How is major depression different from bipolar disorder?

Dr. Ruth White, MPH
Social Work Specialist
Major depression is one aspect of bipolar disorder but bipolar disorder also includes mania, which is a high mood that is not necessarily a 'happy' mood but in its extreme can cause psychosis. Sometimes people with bipolar disorder is diagnosed with major depression because that is when they seek help and so the mania aspect of their illness is not diagnosed because the practitioner may not have asked the questions about mania. This is becoming less so as doctors are getting more aware of the risks of prescribing anti-depressants to people with bipolar disorder who may become manic as a result.

People that have major depression feel sad, lack energy, lose interest in doing things they enjoy, and feel physical pain. People with bipolar disorder also go through periods with the same symptoms. However, the difference is that sometimes they go into a period of mania characterized by high risk behavior, agitation, high energy levels, and increased impulsivity. Some people who are diagnosed with clinical depression may actually suffer from bipolar disorder because doctors can only make a diagnosis using the current symptoms.

Dr. Jeffrey Gardere, PhD
Psychology Specialist

Major depression is different from bipolar disorder in that the main symptom for depression is unipolar, while bipolar disorder has symptoms of both depression and mania. Watch psychologist Jeffrey Gardere, PhD, explain these important differences.

Dr. Charles J. Sophy, MD
Adolescent Medicine Specialist

With bipolar disorder you have symptoms of depression as well as hypomania or mania. Instead of having just major depression, you will have periods of normal mood and then high mood swings.

Most people will seek medical treatment if they have major depression. But who wants to take medication to calm down the high energy of hypomania or mania? Bipolar disorder used to be called "manic depression". Today, experts understand that people with bipolar disorder experience all types of symptoms on the bipolar spectrum.

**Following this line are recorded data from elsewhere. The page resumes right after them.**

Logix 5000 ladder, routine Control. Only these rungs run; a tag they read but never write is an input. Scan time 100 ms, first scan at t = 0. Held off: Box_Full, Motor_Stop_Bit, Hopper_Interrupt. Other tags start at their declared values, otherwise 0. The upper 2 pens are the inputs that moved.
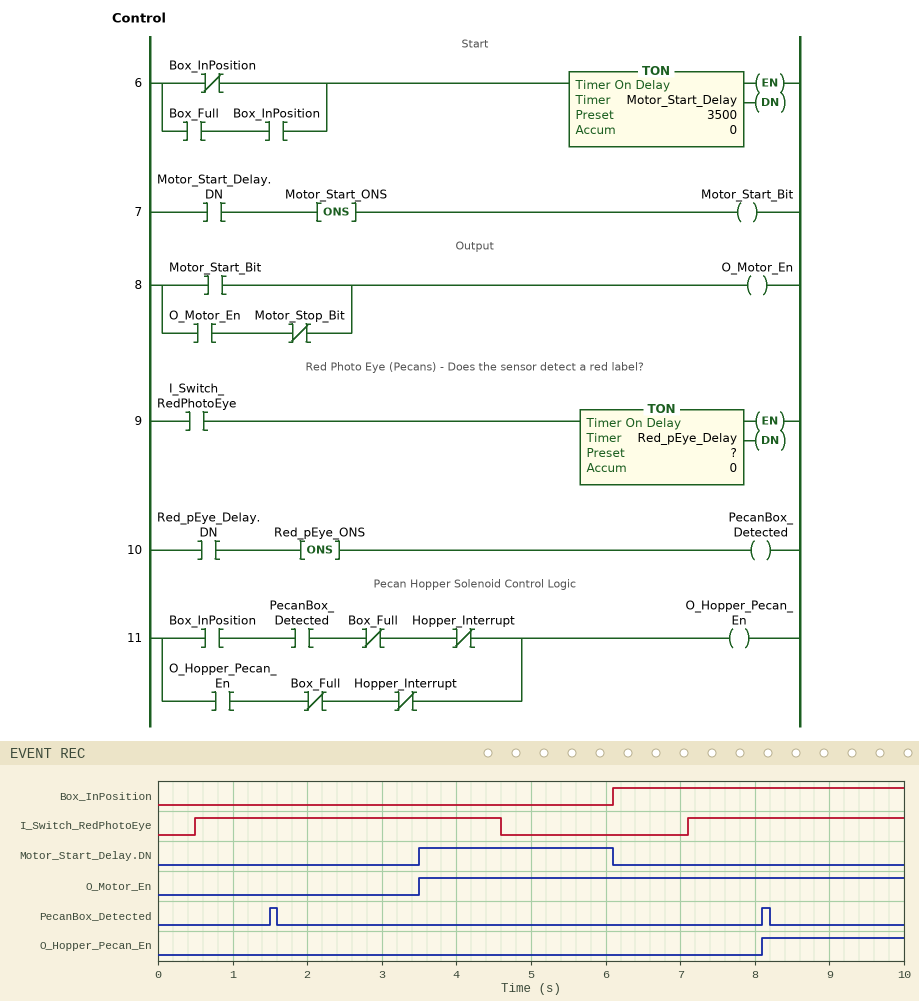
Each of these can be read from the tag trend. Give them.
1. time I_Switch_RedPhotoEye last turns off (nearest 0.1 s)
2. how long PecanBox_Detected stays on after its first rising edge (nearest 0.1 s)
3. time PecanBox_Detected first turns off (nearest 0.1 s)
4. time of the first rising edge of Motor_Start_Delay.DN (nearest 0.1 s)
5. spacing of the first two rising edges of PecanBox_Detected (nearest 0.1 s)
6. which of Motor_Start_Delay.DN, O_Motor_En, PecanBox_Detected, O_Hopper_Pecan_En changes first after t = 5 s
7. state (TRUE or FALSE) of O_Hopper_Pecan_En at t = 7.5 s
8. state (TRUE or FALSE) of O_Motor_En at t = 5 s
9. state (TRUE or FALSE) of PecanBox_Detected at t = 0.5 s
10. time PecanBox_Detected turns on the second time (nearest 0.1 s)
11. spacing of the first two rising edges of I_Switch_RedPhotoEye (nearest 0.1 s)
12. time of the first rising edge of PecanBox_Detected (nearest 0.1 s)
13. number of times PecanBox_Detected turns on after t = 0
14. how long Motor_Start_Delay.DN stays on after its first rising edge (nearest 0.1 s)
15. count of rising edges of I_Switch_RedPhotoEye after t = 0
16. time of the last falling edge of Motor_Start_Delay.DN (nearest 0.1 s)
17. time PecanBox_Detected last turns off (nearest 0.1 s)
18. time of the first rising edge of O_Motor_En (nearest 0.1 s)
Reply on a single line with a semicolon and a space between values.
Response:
4.6 s; 0.1 s; 1.6 s; 3.5 s; 6.6 s; Motor_Start_Delay.DN; FALSE; TRUE; FALSE; 8.1 s; 6.6 s; 1.5 s; 2; 2.6 s; 2; 6.1 s; 8.2 s; 3.5 s
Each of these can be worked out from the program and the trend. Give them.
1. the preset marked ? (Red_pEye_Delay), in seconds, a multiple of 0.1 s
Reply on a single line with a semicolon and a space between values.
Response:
1.0 s
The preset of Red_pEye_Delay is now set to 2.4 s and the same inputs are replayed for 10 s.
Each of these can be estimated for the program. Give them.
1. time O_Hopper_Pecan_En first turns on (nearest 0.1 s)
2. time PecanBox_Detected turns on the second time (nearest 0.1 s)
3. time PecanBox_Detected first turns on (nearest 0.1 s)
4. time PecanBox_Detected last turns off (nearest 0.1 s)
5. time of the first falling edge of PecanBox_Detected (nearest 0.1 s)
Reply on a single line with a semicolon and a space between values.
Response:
9.5 s; 9.5 s; 2.9 s; 9.6 s; 3.0 s
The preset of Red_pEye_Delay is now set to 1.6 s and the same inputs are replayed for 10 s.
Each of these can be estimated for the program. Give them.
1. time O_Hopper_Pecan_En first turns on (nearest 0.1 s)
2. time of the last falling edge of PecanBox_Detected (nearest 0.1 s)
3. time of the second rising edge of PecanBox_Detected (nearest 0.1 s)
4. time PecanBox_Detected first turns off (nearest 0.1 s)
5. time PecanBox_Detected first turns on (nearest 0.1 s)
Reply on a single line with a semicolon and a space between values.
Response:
8.7 s; 8.8 s; 8.7 s; 2.2 s; 2.1 s

The different types of bipolar symptoms are outlined in the Diagnostic and Statistical Manual of Mental Disorders published by the American Psychiatric Association. Using this diagnostic manual, your doctor can determine if you have depression only (unipolar depression) or bipolar disorder (depression with hypomania or mania). 


Sheri Van Dijk
Psychiatrist (Therapist)

Major depression can occur alone (known as major depressive disorder, or "unipolar depression") or as part of bipolar disorder. Bipolar depression is the same as unipolar depression—both meet the criteria for a major depressive disorder. A depressive episode includes symptoms such as low mood, problems with sleeping and eating, feelings of hopelessness and helplessness, and suicidal thoughts.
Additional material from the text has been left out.